By Jeff Winter and Yash Roy, CNN

(CNN) — Three federal agencies are reviewing nearly $9 billion in contracts and grants between the government and Harvard University over the school’s response to antisemitism.

The departments of Education; Health and Human Services; and the US General Services Administration announced Monday they are reviewing $8.7 billion in grants and more than $255 million worth of contracts between Harvard, its affiliates and the federal government, according to a news release.

“Harvard has served as a symbol of the American Dream for generations – the pinnacle aspiration for students all over the world to work hard and earn admission to the storied institution,” Secretary of Education Linda McMahon said in a statement.

“Harvard’s failure to protect students on campus from anti-Semitic discrimination – all while promoting divisive ideologies over free inquiry – has put its reputation in serious jeopardy. Harvard can right these wrongs and restore itself to a campus dedicated to academic excellence and truth-seeking, where all students feel safe on its campus.”

The review is the latest effort of a federal task force to combat antisemitism on college campuses after a spate of high-profile incidents around the country in response to the Israel-Hamas war in Gaza.

Harvard President Alan Garber said if the funding were revoked, it would “halt life-saving research and imperil important scientific research and innovation.”

He said that Harvard had addressed antisemitism on campus for the past 15 months, but that there was still work to do.

“We will engage with members of the federal government’s task force to combat antisemitism to ensure that they have a full account of the work we have done and the actions we will take going forward to combat antisemitism,” Garber said in a statement.

Days before the review’s announcement, nearly 800 Harvard faculty members sent a letter to the Harvard Corporation and Board of Overseers urging the school to resist demands from the Trump administration and publicly condemn their attacks on the nation’s universities.

“Ongoing attacks on American universities threaten bedrock principles of a democratic society, including rights of free expression, association, and inquiry,” the letter reads.

The letter outlined three demands: a public condemnation of the administration’s attacks on universities, a legal challenge to any demands that threaten the school’s independence and to work with other universities and Harvard’s alumni networks to oppose the “anti-democratic attacks.”

Last week, Columbia University announced policy changes in response to the Trump administration’s revocation of $400 million in federal funding following campus protests.

“Columbia’s compliance with the Task Force’s preconditions is only the first step in rehabilitating its relationship with the government, and more importantly, its students and faculty,” the ED, HHS and GSA said in a release at the time. They called Columbia’s moves a “positive first step.”

Also last week, an interim dean dismissed the director of Harvard’s Center for Middle Eastern Studies as well as his deputy over the “lack of balance” in programming about Palestine, according to the American Association of University Professors’ Harvard chapter.

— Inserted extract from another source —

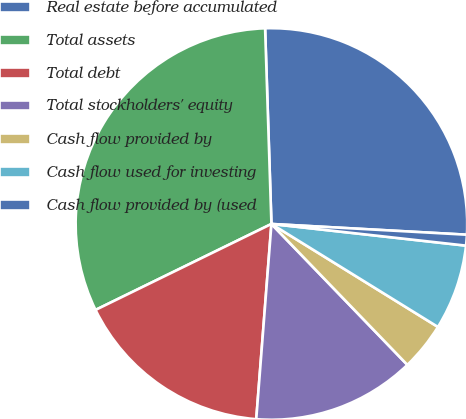Convert chart to OTSL. <chart><loc_0><loc_0><loc_500><loc_500><pie_chart><fcel>Real estate before accumulated<fcel>Total assets<fcel>Total debt<fcel>Total stockholders' equity<fcel>Cash flow provided by<fcel>Cash flow used for investing<fcel>Cash flow provided by (used<nl><fcel>26.39%<fcel>31.72%<fcel>16.53%<fcel>13.45%<fcel>3.97%<fcel>7.05%<fcel>0.89%<nl></chart>

“Given the wide range of programming (the Center for Middle Eastern Studies) has conducted over the past three years, it is troubling that the university would dismiss a center’s leadership because they hosted two recent events that have been criticized as lacking ‘balance,’” AAUP said in a statement.

Earlier this month, the Anti-Defamation League released an updated report card assessing how US colleges combat antisemitism and protect Jewish students.

Harvard University received a C, moving up two grades from an F the year before.